Abstract:
Objective Using the hybrid type 1 implementation study "The Shared Medical Appointment for diabetes in China:an optimization trial (SMART) " as an example, this study introduces the methods of constructing and validating an outcome indicator set for hybrid type 1 studies.
Methods Based on principles such as comprehensiveness and operability, we selected the RE-AIM (reach, effectiveness, adoption, implementation, maintenance) framework, the Implementation Outcomes Framework (IOF), and the PRECEDEPROCEED model. After comparison and screening, an outcome evaluation indicator item pool was formed. Two rounds of expert consultation were conducted, and the content validity was evaluated using the item-level content validity index (I-CVI), coefficient of variation (CV), and adjusted Kappa value, combined with experts qualitative opinions and on-site implementation to optimize the indicators.
Results This study integrated the RE-AIM framework and three pre-evaluation dimensions from the IOF, forming an initial item pool for shared medical appointments (SMA) that included 8 dimensions (acceptability, appropriateness, feasibility, reach, effectiveness, adoption, implementation, and maintenance), 14 secondary indicators, and 24 tertiary indicators. The response rate of the two rounds of expert consultation was 100%, with an expert authority coefficient of 0.90.The I-CVI ranged from 0.75 to 1.00, the CV from 0 to 0.32, and the adjusted Kappa from 0.75 to 1.00, indicating good content validity and high expert consensus. After two rounds of consultation, one secondary indicator and three tertiary indicators were deleted, one new secondary indicator was added, and the dimension attribution of one indicator was adjusted. Following pilot implementation and stakeholder feedback, two tertiary indicators were added, four were deleted, and the measurement tool of one indicator was adjusted. The finalized implementation outcome indicator set for the SMART study comprises 8 dimensions, 14 secondary indicators, and 19 tertiary indicators.
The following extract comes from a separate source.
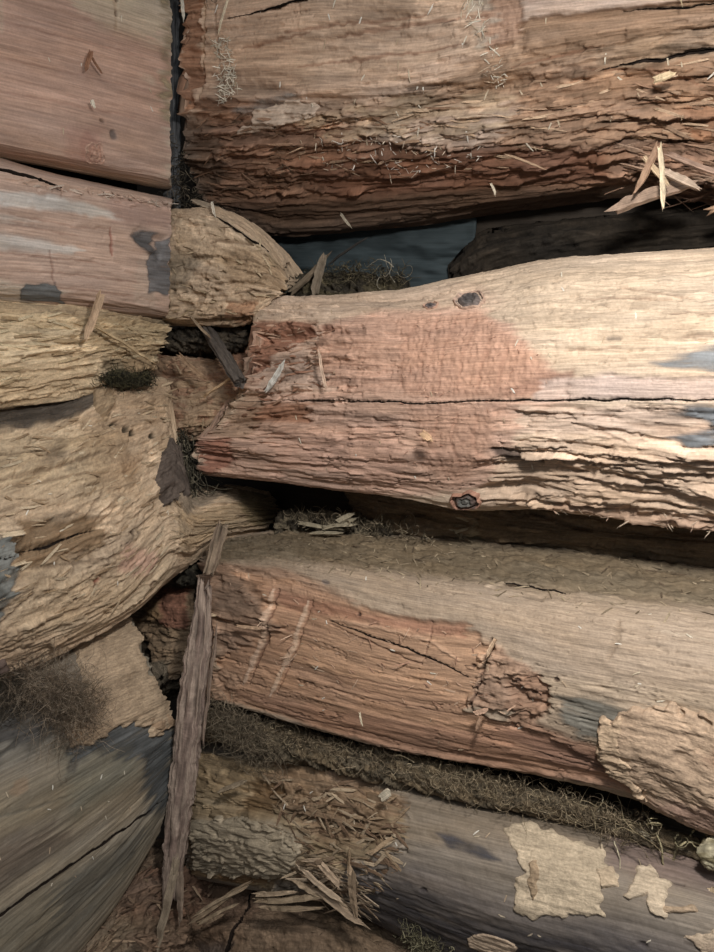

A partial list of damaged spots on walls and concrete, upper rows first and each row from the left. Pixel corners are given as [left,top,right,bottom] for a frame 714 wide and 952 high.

Conclusions The outcome indicator set constructed in this study demonstrates good validity and operability, and the construction and validation process can serve as a reference for other researchers. Different implementation outcome frameworks have different applicable scenarios; researchers should select appropriate frameworks or integrate them according to their own needs to comprehensively evaluate outcomes and enhance the systematization and comparability of research.